**Extracted records**.
**********

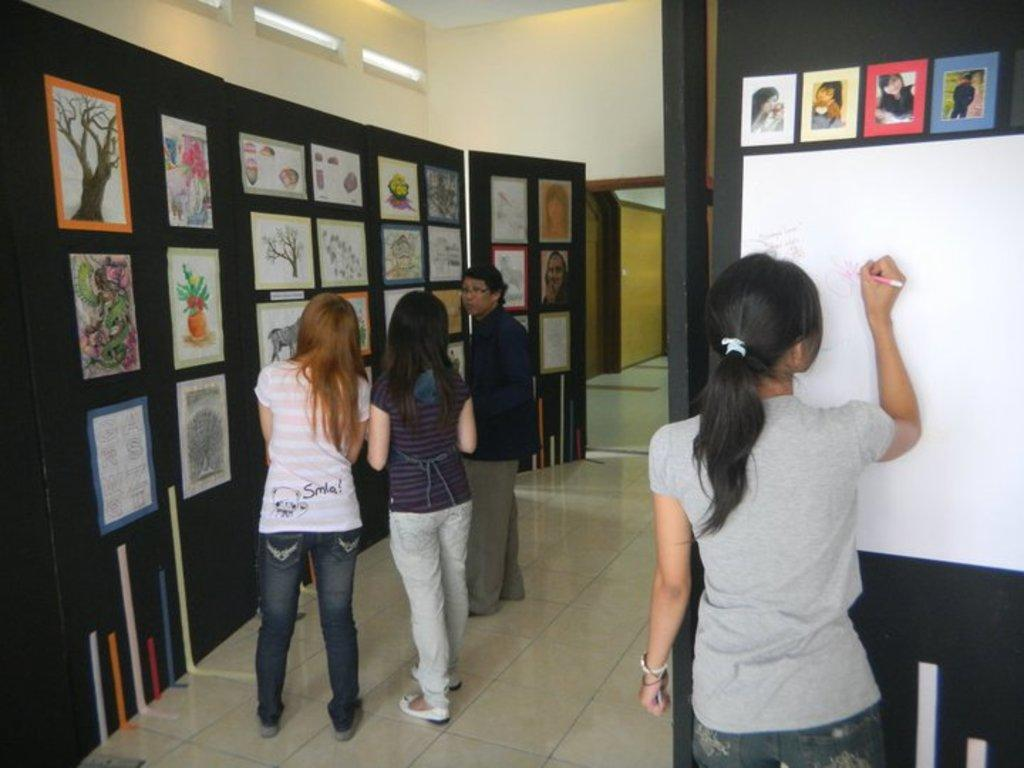What type of structure can be seen in the image? There is a wall in the image. What can be seen illuminating the area in the image? There are lights in the image. What type of objects are present on the wall in the image? There are papers and a drawing in the image. Are there any people visible in the image? Yes, there are people present in the image. What type of company does the aunt own, and how does it relate to the image? There is no mention of a company or an aunt in the image, so it is not possible to answer that question. 
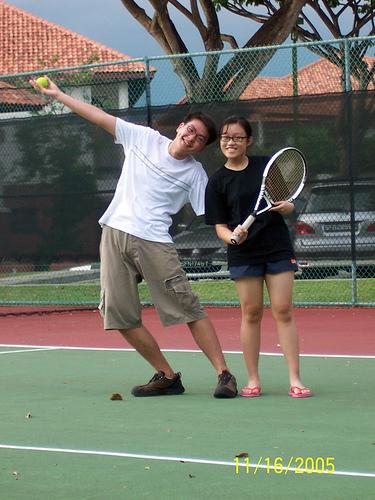What is the man holding?
Answer briefly. Ball. Is tennis a highly physical sport?
Answer briefly. Yes. What color is his shirt?
Give a very brief answer. White. What kind of shoes is the man wearing?
Write a very short answer. Sneakers. What is on the ground under the player?
Quick response, please. Tennis court. What letters are in the lowest right hand corner?
Short answer required. 11/16/2005. What color is the lady wearing?
Write a very short answer. Black. Is everyone in this photo wearing shoes?
Keep it brief. Yes. Is she playing on clay?
Quick response, please. No. Is this a local tennis court?
Keep it brief. Yes. Do you think this player is talented?
Short answer required. No. Are his feet touching the ground?
Concise answer only. Yes. What type of footwear is the girl wearing?
Concise answer only. Flip flops. What type of turf is being played on?
Concise answer only. Clay. Is the man going to hit the ball?
Answer briefly. No. What did the girl just do?
Short answer required. Pose.

**********

**What is expected**.
Whenever a line above has the word "Keep" in it, copy that line.

**Exercise output**.
Keep it brief. Yes. Is she playing on clay?
Keep it brief. Yes. Do you think this player is talented?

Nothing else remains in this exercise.